## RECORDS FOR PROCESSING
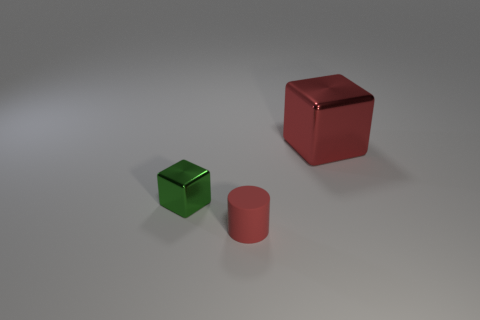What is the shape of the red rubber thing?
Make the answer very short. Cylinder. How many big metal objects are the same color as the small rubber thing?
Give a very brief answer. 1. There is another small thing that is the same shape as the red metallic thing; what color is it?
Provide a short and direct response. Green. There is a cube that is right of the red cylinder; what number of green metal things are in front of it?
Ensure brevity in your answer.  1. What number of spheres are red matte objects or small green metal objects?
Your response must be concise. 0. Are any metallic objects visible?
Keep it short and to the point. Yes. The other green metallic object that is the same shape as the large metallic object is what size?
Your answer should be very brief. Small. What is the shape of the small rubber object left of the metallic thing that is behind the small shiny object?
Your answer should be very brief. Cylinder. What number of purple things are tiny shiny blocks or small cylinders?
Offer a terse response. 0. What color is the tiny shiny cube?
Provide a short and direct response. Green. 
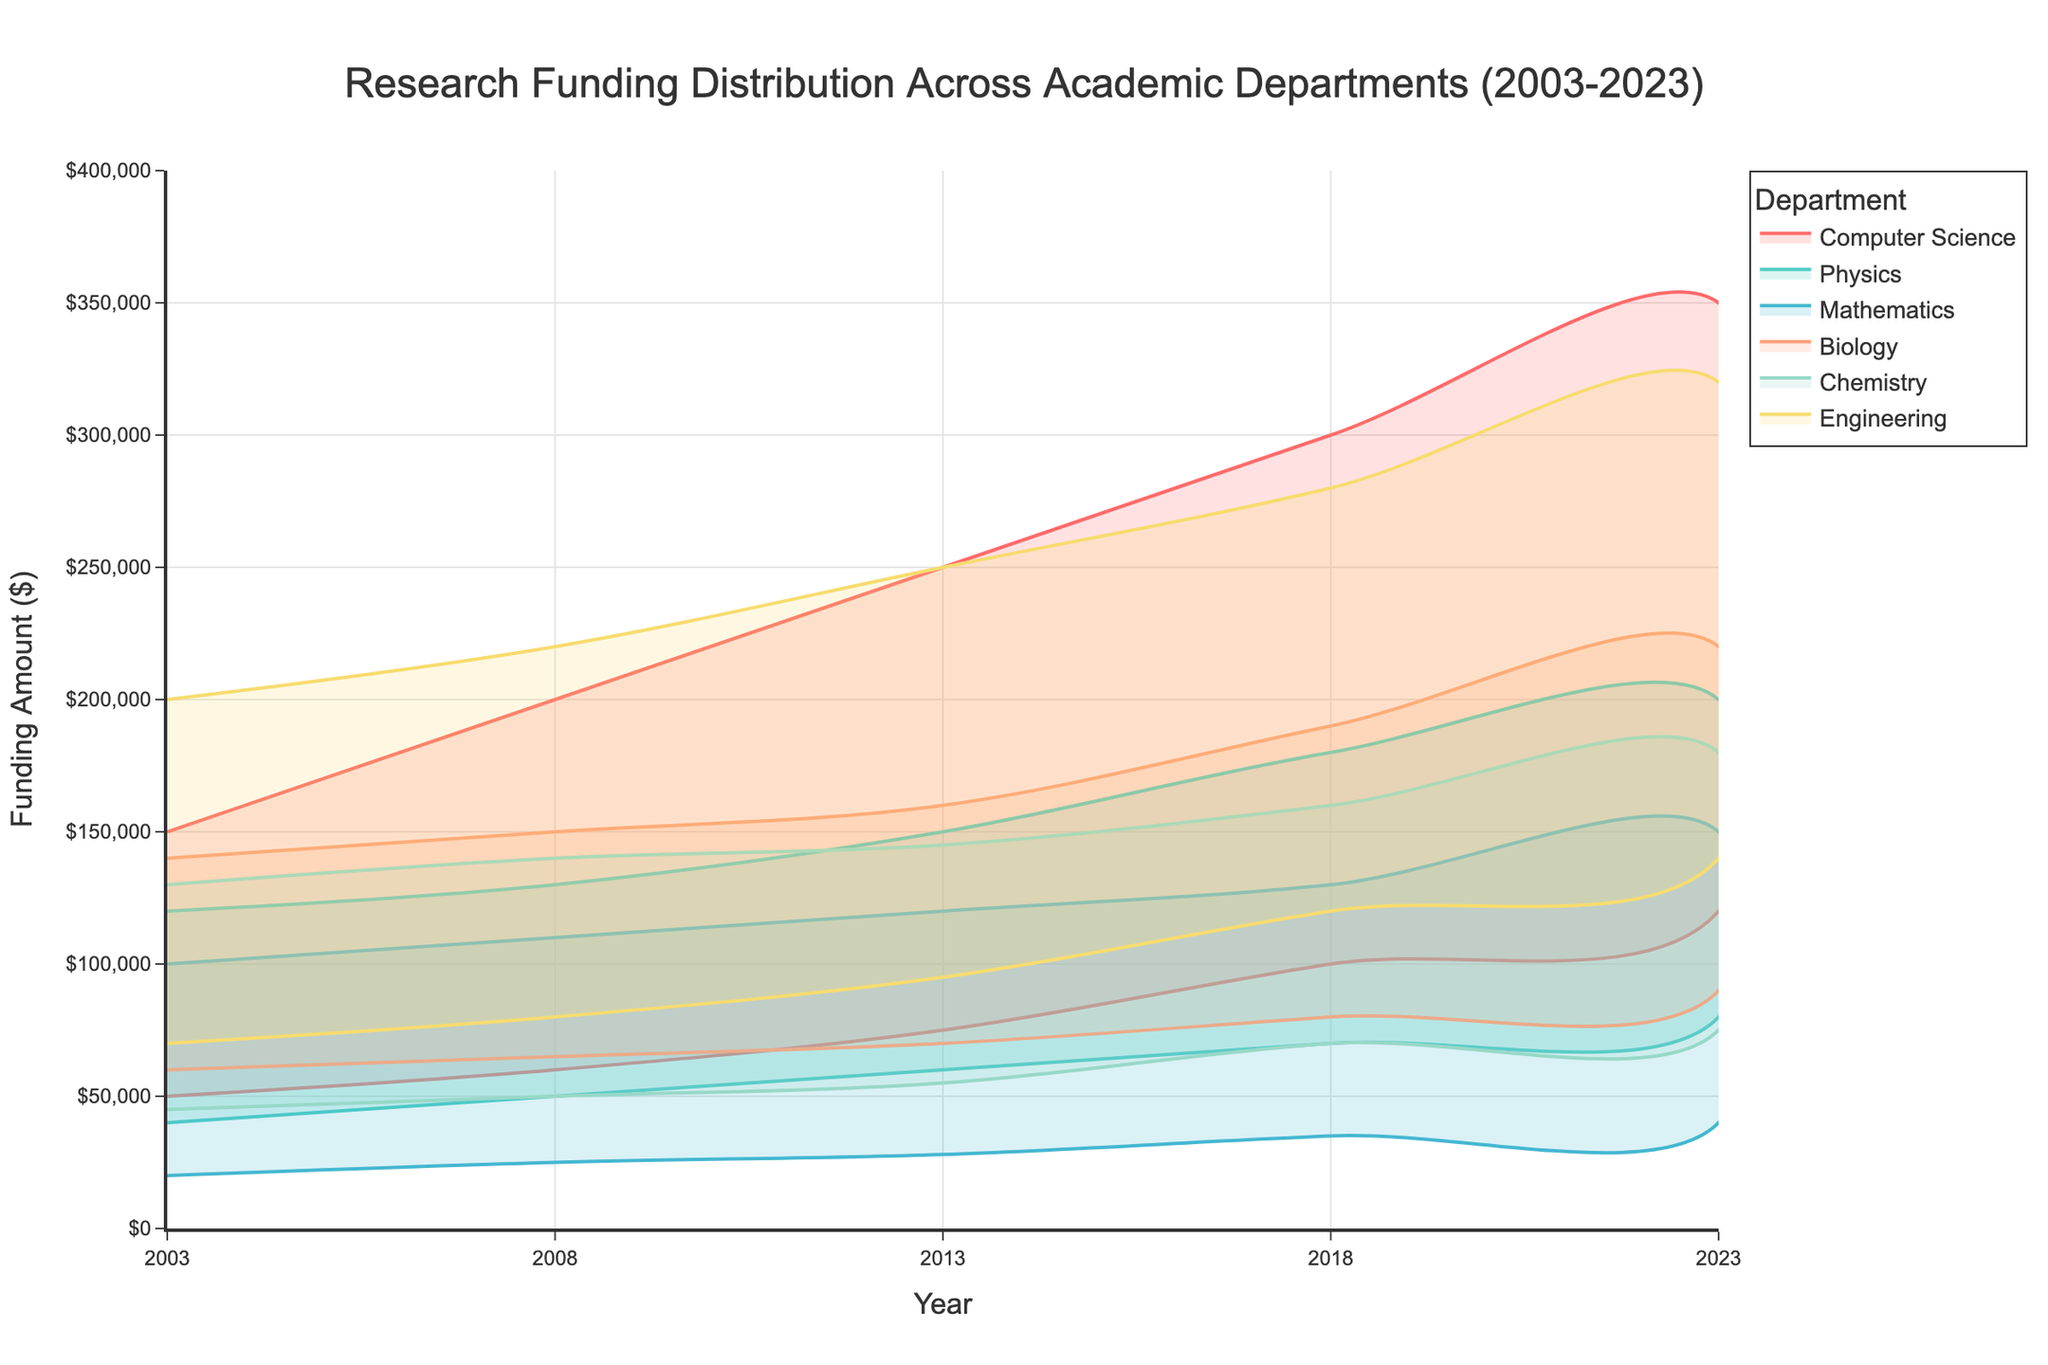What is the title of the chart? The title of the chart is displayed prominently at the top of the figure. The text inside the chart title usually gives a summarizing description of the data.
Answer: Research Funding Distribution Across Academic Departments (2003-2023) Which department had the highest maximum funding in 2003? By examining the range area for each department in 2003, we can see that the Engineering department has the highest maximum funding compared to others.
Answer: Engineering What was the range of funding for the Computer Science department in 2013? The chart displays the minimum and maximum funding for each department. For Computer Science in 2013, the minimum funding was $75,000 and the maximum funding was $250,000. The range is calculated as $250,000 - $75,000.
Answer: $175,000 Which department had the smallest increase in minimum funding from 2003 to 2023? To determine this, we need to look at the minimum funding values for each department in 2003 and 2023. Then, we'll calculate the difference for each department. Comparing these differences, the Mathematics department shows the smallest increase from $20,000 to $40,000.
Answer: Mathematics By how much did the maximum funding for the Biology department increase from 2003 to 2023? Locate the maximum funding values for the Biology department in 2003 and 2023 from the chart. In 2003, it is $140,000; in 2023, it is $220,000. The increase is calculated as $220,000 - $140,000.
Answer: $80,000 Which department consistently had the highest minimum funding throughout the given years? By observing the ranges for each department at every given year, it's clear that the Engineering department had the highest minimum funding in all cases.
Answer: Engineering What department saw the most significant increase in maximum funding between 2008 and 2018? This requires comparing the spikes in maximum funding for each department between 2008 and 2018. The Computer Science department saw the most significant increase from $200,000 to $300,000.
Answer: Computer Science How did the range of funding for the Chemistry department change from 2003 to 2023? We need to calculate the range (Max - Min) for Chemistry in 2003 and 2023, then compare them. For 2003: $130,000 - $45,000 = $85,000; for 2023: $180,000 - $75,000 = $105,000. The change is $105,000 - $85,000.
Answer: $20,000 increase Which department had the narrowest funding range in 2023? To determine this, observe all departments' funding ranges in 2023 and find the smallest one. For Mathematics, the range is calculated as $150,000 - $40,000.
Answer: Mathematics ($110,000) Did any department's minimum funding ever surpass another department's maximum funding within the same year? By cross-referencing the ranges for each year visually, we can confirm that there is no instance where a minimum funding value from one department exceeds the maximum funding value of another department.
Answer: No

* * *

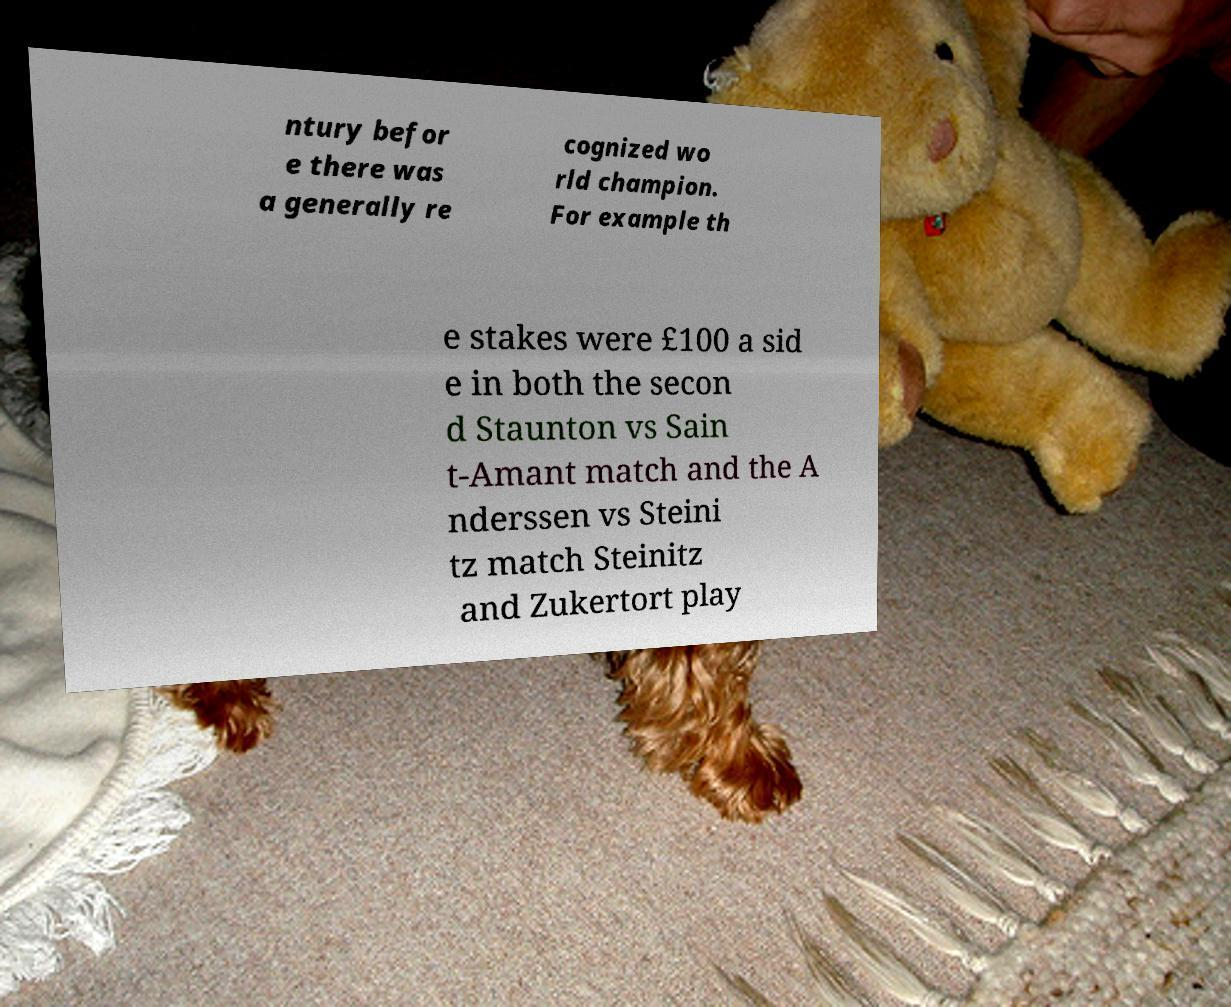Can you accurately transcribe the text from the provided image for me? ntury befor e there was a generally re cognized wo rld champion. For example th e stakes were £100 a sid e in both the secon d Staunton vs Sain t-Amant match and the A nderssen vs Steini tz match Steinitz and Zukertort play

## REQUIRED WORK
Which lines in the records above hold the string "cube"? Copy each of them.

## OUTPUT FOR THIS EXERCISE
Provide a short and direct response. Green. There is a cube that is right of the red cylinder; what number of green metal things are in front of it?
Offer a terse response. 0. What color is the tiny shiny cube?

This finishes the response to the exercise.